Ponderando encuestas
Varias encuestadoras notables en medios masivos no han entregado ni un sólo informe al INE en los últimos seis meses.
Estamos a menos de dos meses y medio de la jornada electoral. ¿Qué fuentes de información tiene el electorado para decidir su voto? Por un lado, está la incesante propaganda gubernamental de las conferencias matutinas. Por otro, la información que ofrecen las candidaturas en sus campañas electorales, los debates o entrevistas o bien en sus propuestas. Por último, está la información y análisis disponibles en medios de comunicación masiva, redes sociales, así como en los círculos sociales de cada uno.
Por desgracia, cada una de estas fuentes de información puede tener sesgos importantes. Si un elector sólo prestara atención a una o dos de estas fuentes es muy probable que sus conclusiones sean igualmente sesgadas. Frente a todas esas fuentes de información posiblemente sesgada, las encuestas ayudan a informar el voto de los electores y las estrategias de los partidos y candidatos.
Hay quienes argumentan que las encuestas pueden afectar las intenciones de voto de las personas porque pueden influir en la percepción sobre las probabilidades de triunfo de una u otra candidatura. Sin embargo, la evidencia sobre estos efectos es limitada: algunas elecciones acaban siendo más reñidas de lo que anticipaban las encuestas —como ocurrió en 2012—, mientras que otras pueden tener márgenes más holgados, como ocurrió en 2018.
Evaluar la calidad de una encuesta no es tarea sencilla: los detalles metodológicos son importantes, ya sea desde el diseño muestral hasta el diseño del cuestionario, o bien la ponderación misma de los resultados. Por ello es recomendable revisar la metodología de cada encuesta.

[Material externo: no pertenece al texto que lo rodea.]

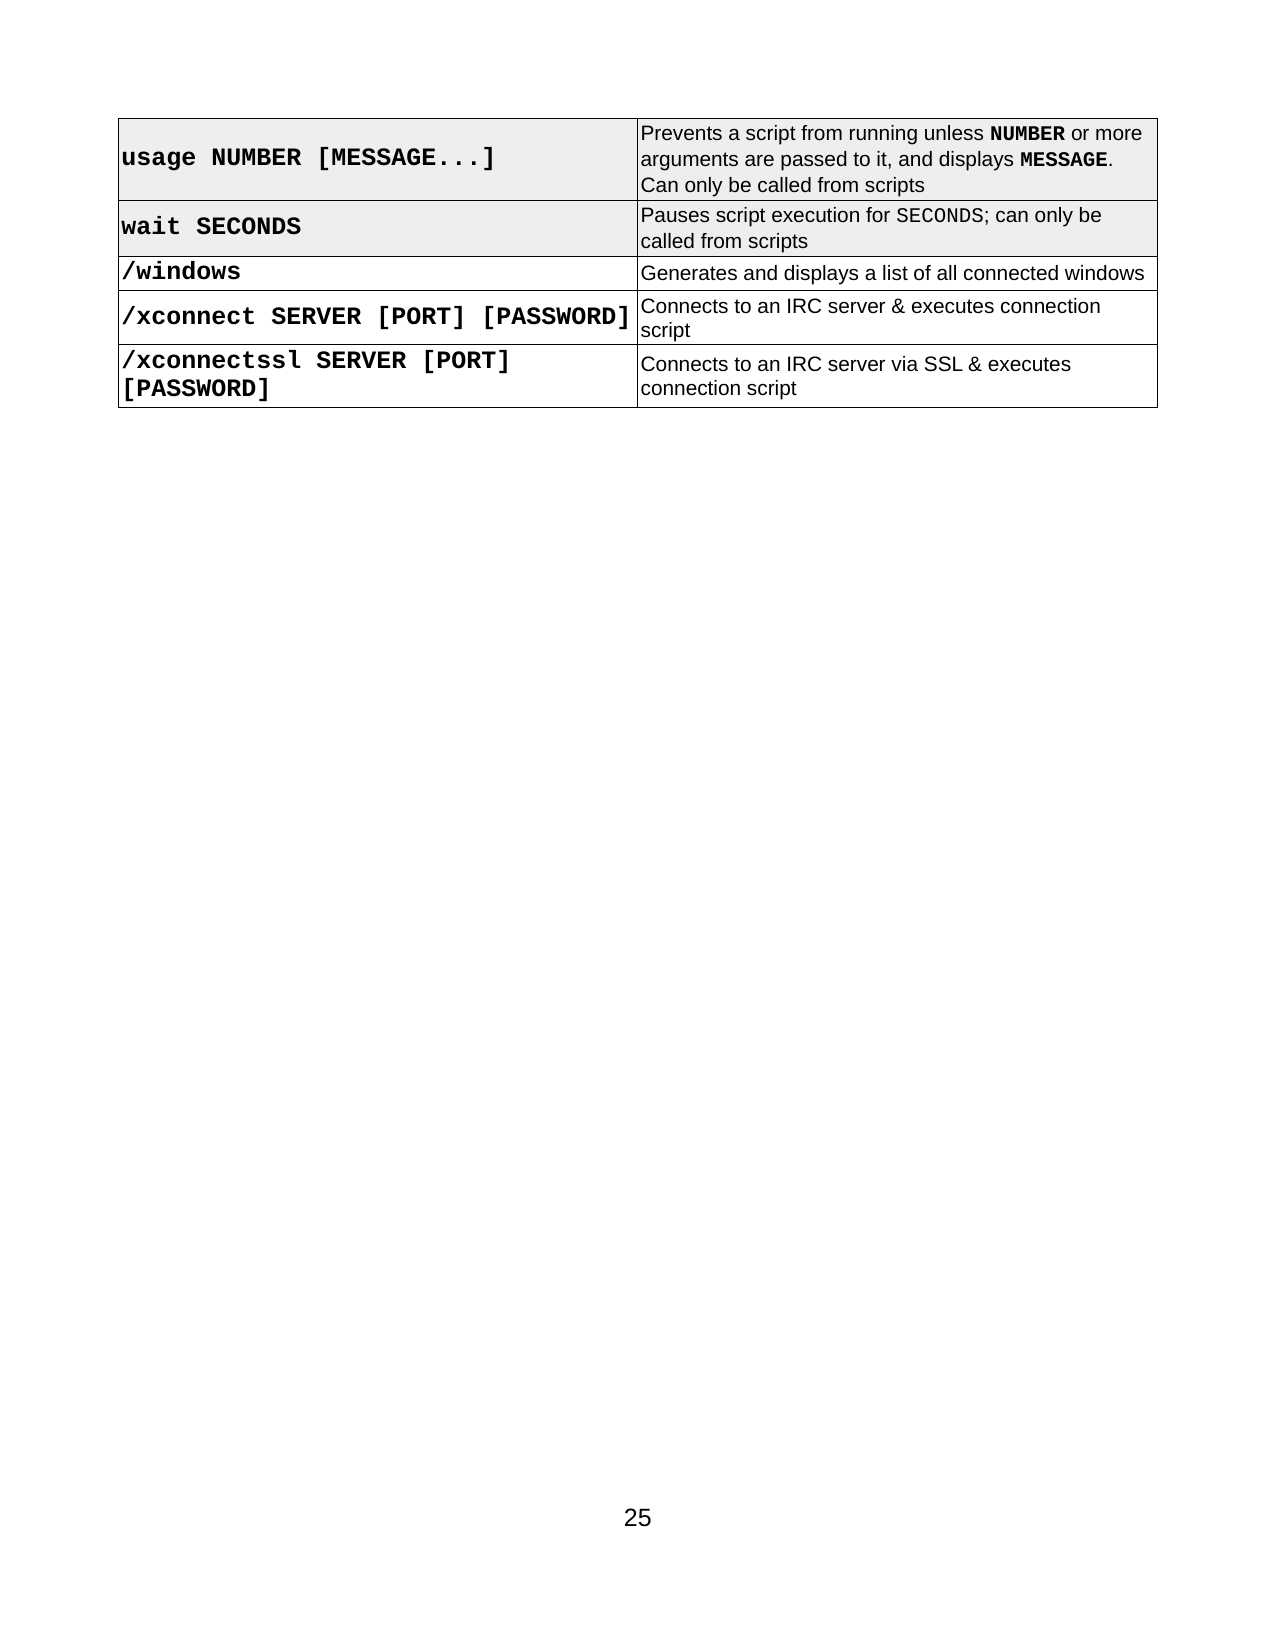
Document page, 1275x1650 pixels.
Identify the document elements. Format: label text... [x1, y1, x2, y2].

table_cell Pauses script execution for SECONDS; can only be called from scripts [638, 201, 1157, 256]
table_cell Connects to an IRC server via SSL & executes connection script [638, 345, 1157, 407]
table_cell /xconnect SERVER [PORT] [PASSWORD] [119, 291, 637, 344]
table_cell /windows [119, 257, 637, 290]
table_cell /xconnectssl SERVER [PORT] [PASSWORD] [119, 345, 637, 407]
table_cell wait SECONDS [119, 201, 637, 256]
table_cell Generates and displays a list of all connected windows [638, 257, 1157, 290]
table_cell usage NUMBER [MESSAGE...] [119, 119, 637, 200]
table_cell Connects to an IRC server & executes connection script [638, 291, 1157, 344]
table_cell Prevents a script from running unless NUMBER or more arguments are passed to it, and displays MESSAGE. Can only be called from scripts [638, 119, 1157, 200]
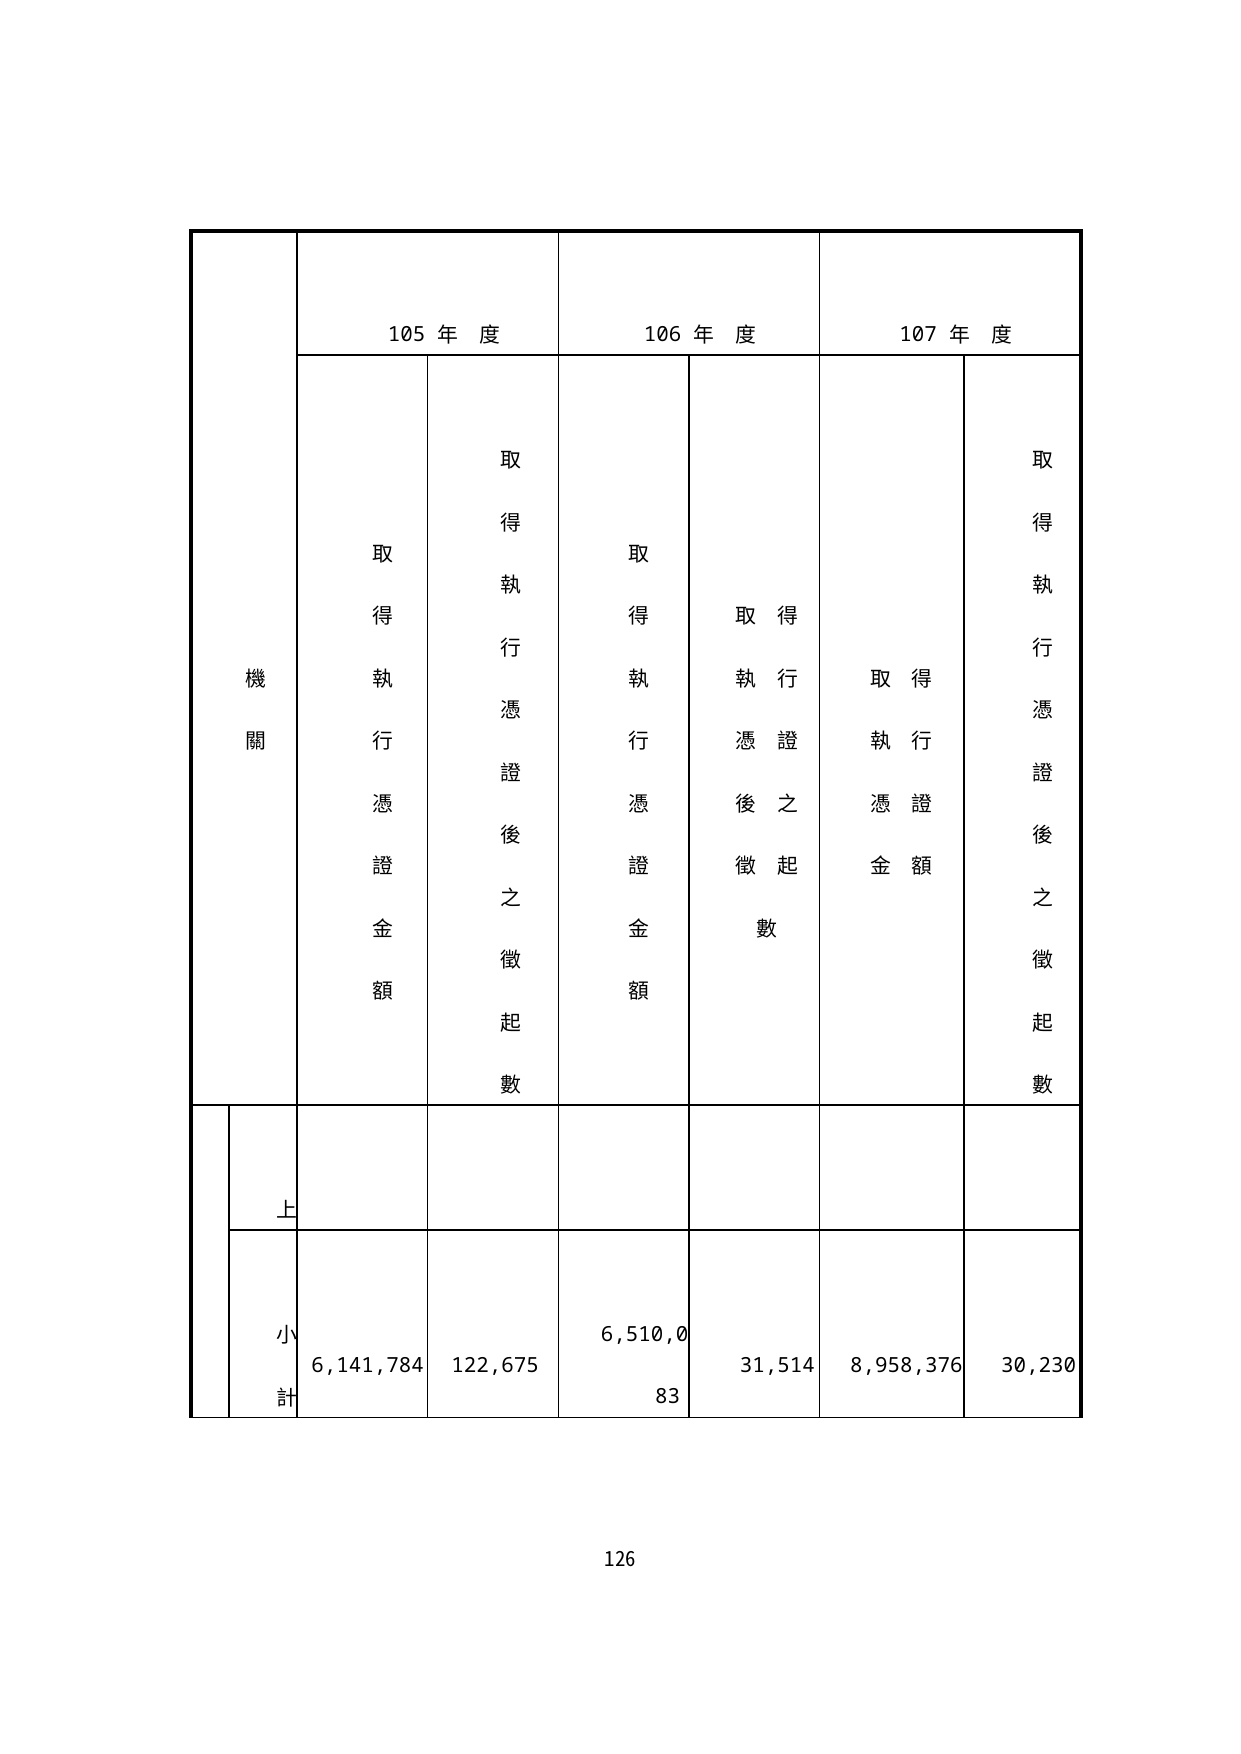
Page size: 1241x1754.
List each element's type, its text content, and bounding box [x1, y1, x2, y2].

table_cell 中區國稅局 [193, 1106, 228, 1417]
table_cell 取得執行憑證後之徵起數 [690, 356, 819, 1104]
table_cell 取得執行憑證金額 [820, 356, 963, 1104]
table_cell [298, 1106, 427, 1229]
table_cell 取得執行憑證後之徵起數 [965, 356, 1079, 1104]
table_header 105年度 [298, 233, 558, 354]
table_cell 取得執行憑證金額 [559, 356, 688, 1104]
table_cell 6,141,784 [298, 1231, 427, 1417]
table_cell [965, 1106, 1079, 1229]
table_cell 小計 [230, 1231, 296, 1417]
table_header 機關 [193, 233, 296, 1104]
table_header 106年度 [559, 233, 819, 354]
table_cell [820, 1106, 963, 1229]
table_cell 122,675 [428, 1231, 558, 1417]
table_cell 取得執行憑證後之徵起數 [428, 356, 558, 1104]
table_cell 取得執行憑證金額 [298, 356, 427, 1104]
table_cell 8,958,376 [820, 1231, 963, 1417]
table_cell 30,230 [965, 1231, 1079, 1417]
table_cell [428, 1106, 558, 1229]
table_cell 上 [230, 1106, 296, 1229]
table_cell [559, 1106, 688, 1229]
table_cell 6,510,083 [559, 1231, 688, 1417]
table_cell 31,514 [690, 1231, 819, 1417]
table_header 107年度 [820, 233, 1079, 354]
table_cell [690, 1106, 819, 1229]

Por ley, las casas encuestadoras deben entregar al INE el respaldo de los estudios electorales que difunden al público. Cada mes, la Secretaría Ejecutiva del INE presenta un informe de los estudios recibidos durante cierto periodo. Una buena forma de distinguir encuestas serias es verificar si los despachos responsables entregan reportes al INE y, además, verificar si la documentación entregada es adecuada. En el mejor de los casos, los analistas podrían intentar replicar los resultados de cada encuesta.
Según el Sexto informe en materia de encuestas, aprobado en el Consejo General del INE el pasado 27 de febrero, el Sistema de Encuestas Electorales había recibido un total de 542 estudios con fecha de corte del 7 de febrero. Sin embargo, al consultar el repositorio de encuestas para 2023-2024 (disponible en: ine.mx/encuestas-proceso-electoral-2023) resulta que hasta el día de ayer sólo se encuentran disponibles para consulta 351 estudios provenientes de 19 casas encuestadoras.
Un primer problema es que varias encuestadoras notables en medios masivos no han entregado ni un sólo informe al INE en los últimos seis meses. Un segundo problema es que muchos de los estudios reportados al INE, y que se detallan en los informes, aún no están disponibles para consulta en el repositorio. El rezago es importante: encuestas publicadas en enero pasado aún no están disponibles para consulta y escrutinio en el repositorio, lo cual limita la utilidad pública de requerir y compilar toda esta información.
Los informes del INE contienen mucha información valiosa, pero de difícil consulta. Por ejemplo, no es sencillo distinguir entre las encuestas levantadas cara a cara, las telefónicas o vía internet. Por otro lado, tampoco es sencillo hallar un estudio específico en el repositorio.
Ahora bien, entre los estudios disponibles en el repositorio se encuentran encuestas con bases de datos limitadas a unas cuantas variables, lo cual hace difícil verificar su calidad o replicar sus estimaciones. Otros estudios contienen bases de datos más detalladas, pero omiten los ponderadores o factores de expansión de cada observación. Muy pocos estudios contienen información suficiente para replicar o reproducir las estimaciones publicadas. Las encuestas son sumamente valiosas en una democracia. Sin embargo, en un contexto de creciente información falsa o engañosa, deben utilizarse con cautela. El INE puede ayudar a evidenciar las encuestas de mayor o menor calidad.